Composer/percussionist Davu Seru brings the audience along on a journey of experimental sound and rhythms Friday night when he takes over Jazz Central Studios in St. Paul. Seru will be performing with trombone player JC Sanford and Levi Schwartzberg on vibraphone, both of the group Seru composes for, No Territory Band. They’ll be playing originals and work by modern composers. 8 p.m. at Jazz Central Studios and livestreamed ($10).
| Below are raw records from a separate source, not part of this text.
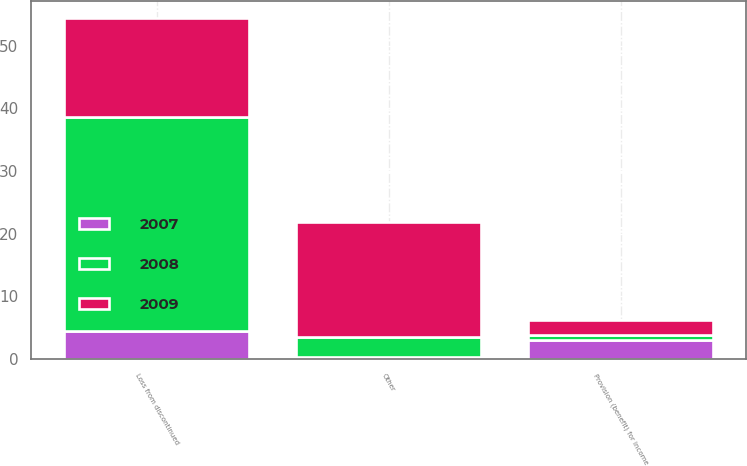Convert chart to OTSL. <chart><loc_0><loc_0><loc_500><loc_500><stacked_bar_chart><ecel><fcel>Other<fcel>Loss from discontinued<fcel>Provision (benefit) for income<nl><fcel>2007<fcel>0.3<fcel>4.5<fcel>3<nl><fcel>2008<fcel>3.2<fcel>34.1<fcel>0.8<nl><fcel>2009<fcel>18.3<fcel>15.8<fcel>2.5<nl></chart> 
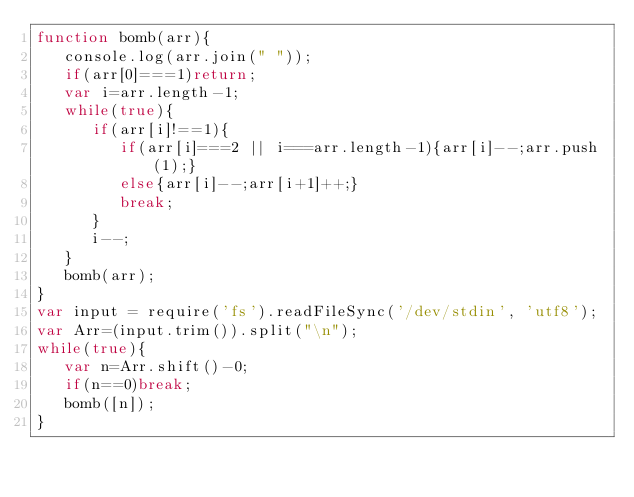<code> <loc_0><loc_0><loc_500><loc_500><_JavaScript_>function bomb(arr){
   console.log(arr.join(" "));
   if(arr[0]===1)return;
   var i=arr.length-1;
   while(true){
      if(arr[i]!==1){
         if(arr[i]===2 || i===arr.length-1){arr[i]--;arr.push(1);}
         else{arr[i]--;arr[i+1]++;}
         break;
      }
      i--;
   }
   bomb(arr);
}
var input = require('fs').readFileSync('/dev/stdin', 'utf8');
var Arr=(input.trim()).split("\n");
while(true){
   var n=Arr.shift()-0;
   if(n==0)break;
   bomb([n]);
}</code> 
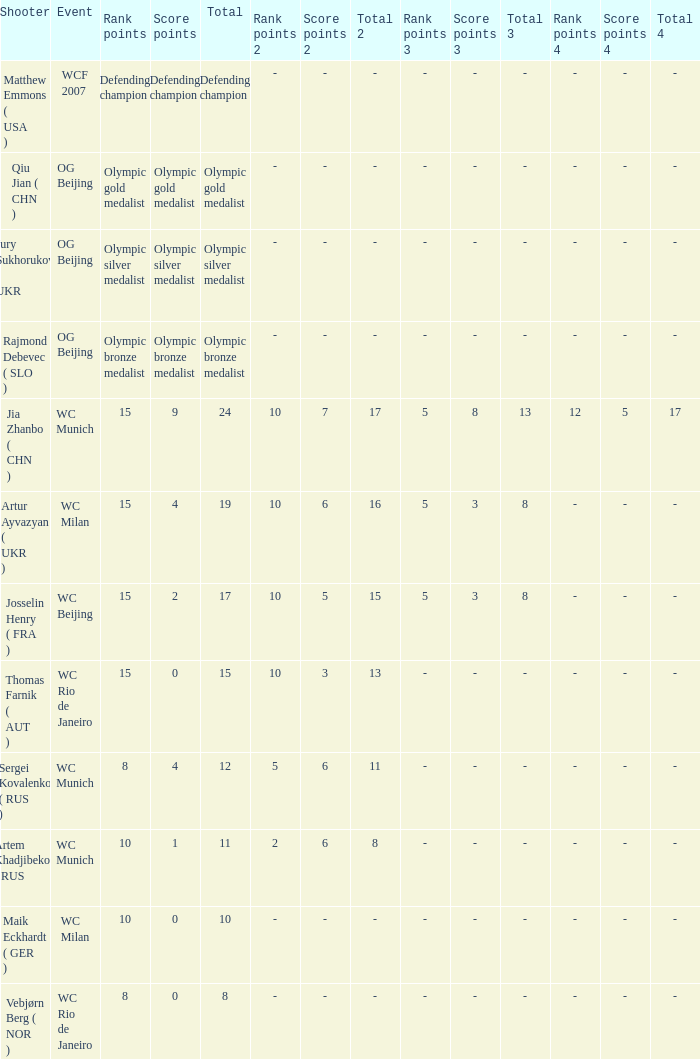With a total of 11, what is the score points? 1.0. 
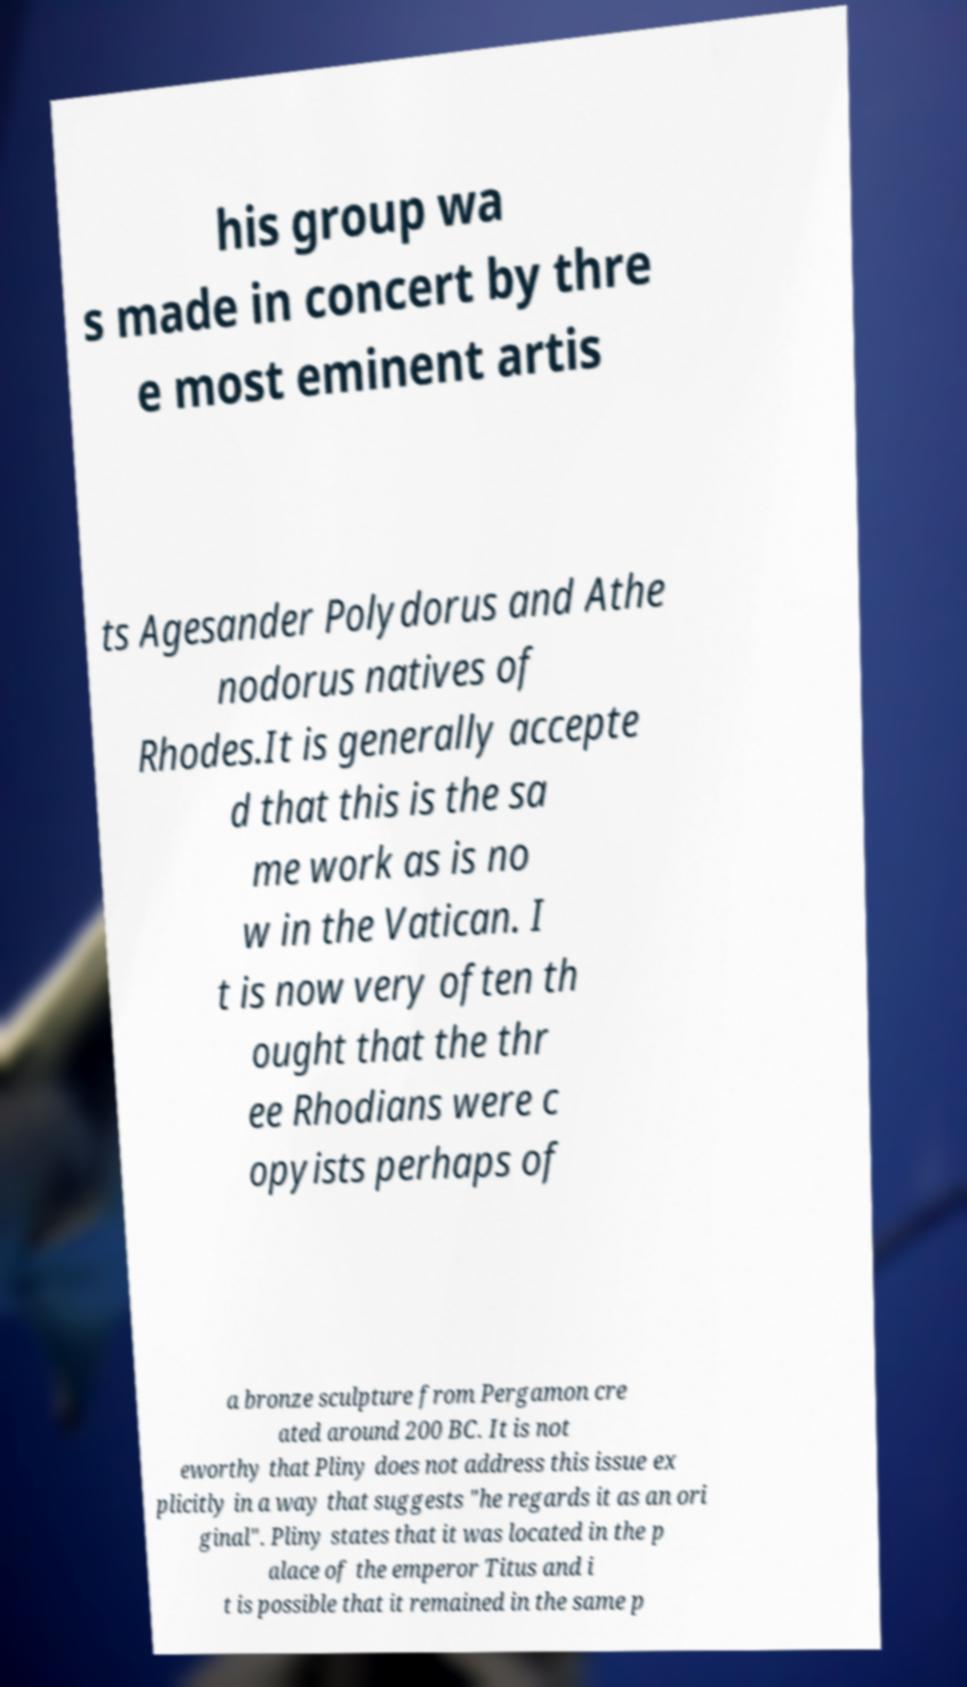Please read and relay the text visible in this image. What does it say? his group wa s made in concert by thre e most eminent artis ts Agesander Polydorus and Athe nodorus natives of Rhodes.It is generally accepte d that this is the sa me work as is no w in the Vatican. I t is now very often th ought that the thr ee Rhodians were c opyists perhaps of a bronze sculpture from Pergamon cre ated around 200 BC. It is not eworthy that Pliny does not address this issue ex plicitly in a way that suggests "he regards it as an ori ginal". Pliny states that it was located in the p alace of the emperor Titus and i t is possible that it remained in the same p 
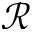Convert formula to latex. <formula><loc_0><loc_0><loc_500><loc_500>\mathcal { R }</formula> 
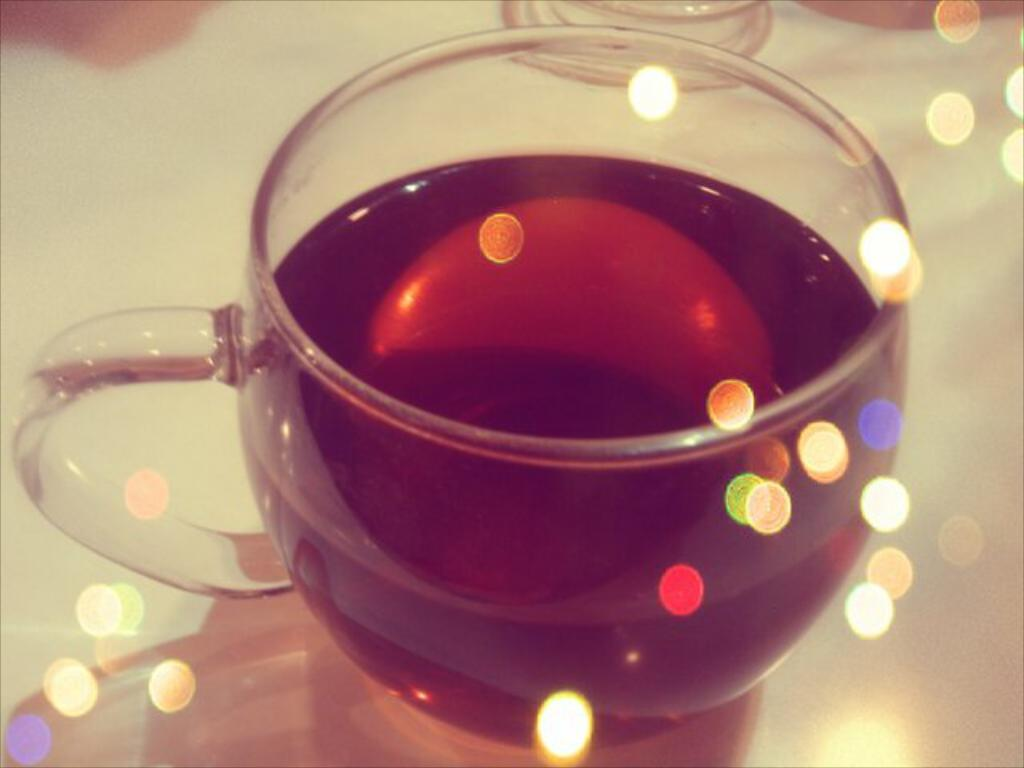How has the image been altered or modified? The image is edited. What is present in the image besides the edited elements? There is a cup of tea in the image. What can be seen as a result of the cup's presence on a surface? The reflection of the cup is visible on a glass table. What type of star can be seen in the image? There is no star present in the image. How is the distribution of tea in the cup affected by the editing process? The editing process does not affect the distribution of tea in the cup; it is only visible in the image.

More information here.
‘Real Women Have Curves’
The film, “Real Women Have Curves,” shot a young America Ferrera to fame back in 2002 with its message of hope and body positive message. The play the movie is based on, by Josefina López, dates back to 1990, and its message rings true today just as it did at its premiere. Taking place in a sewing factory in East Los Angeles, the story touches on the Latina immigrant experience, gender politics and resilience of a community in a racist and anti-immigrant society, and learning to love one’s own body and identity. Co-directors Adlyn Carreras and Lelis Brito take on a new retelling of the story for today’s world, in a production by Teatro del Pueblo. Among the cast, watch out for the ever talented Xochi de la Luna as Rosali. 7:30 p.m. Friday, June 10-Sunday, June 12, through June 26 at the Conn Theatre inside Plymouth Congregational, 1900 Nicollet Avenue, Minneapolis ($23). More information here.
‘Change is God-Take Root Among the Stars: Black Abstraction in the Midwest’
Curator Gregory J. Rose has organized an exhibition of Black abstract artists all based in the Midwest, opening this week at SooVAC in Minneapolis. Each of the artists shares who they are and their stories, taking space and being in this place they call home. Taking its title from science fiction writer Octavia Butler’s “The Earthseed Books,” the show offers new ways of thinking about Black expressionism in the aftermath of tremendous world change. Among the artists in the show are Ta-Coumba Aiken, Christopher E. Harrison and Sarah White, among others. Opening reception 7-10 p.m. Saturday, June 11, through July 31 (free). More information here.
Rock the Garden
Low is getting another stab at Rock the Garden, after a rather controversial appearance back in 2013. That year, the beloved Duluth band caused eyebrows to rise by their extended drone music jam session that went on for nearly 30 minutes. Perhaps more hotly anticipated is the appearance of Riot Grrrl-era band Sleater Kinney, featuring the star of “Portlandia,” Carrie Brownstein, along with Corin Tucker. Also joining the two-stage lineup is Bombino, beabadoobee, Nathaniel Rateliff & The Night Sweats, Divide and Dissolve, and DāM-FunK. 1-10 p.m. Saturday, June 11, at the Minneapolis Sculpture Garden ($84). More information here.
The annual Northern Spark Festival heads to St. Paul this year, with interactive art and performance taking place in the Rondo, Frogtown and Little Mekong neighborhoods. This year’s festival is themed around re-connection, memory and letting go. It’s kind of like giving yourself a re-start after more than two years of living during COVID and all that has happened since 2020.
Look for projects like “Post Office to the Ancestors” at the Victoria Theater Arts Center, or the live, improvised shadow puppets of “The Official Bureau of Lost Things,” created by Felicia Cooper, Kallie Melvin & Alex Young. If you can stay up that late, the closing event led by Sequoia Hauck and collaborators at 2 a.m. at Raspberry Island should be a treat. There’s going to be a large installation of two cloth rivers that span the island in a multi-sensory experience of music, storytelling and movement. 9 p.m. Saturday, June 11, through 5:30 a.m. Sunday, June 12, at various locations in St. Paul (free). More information here.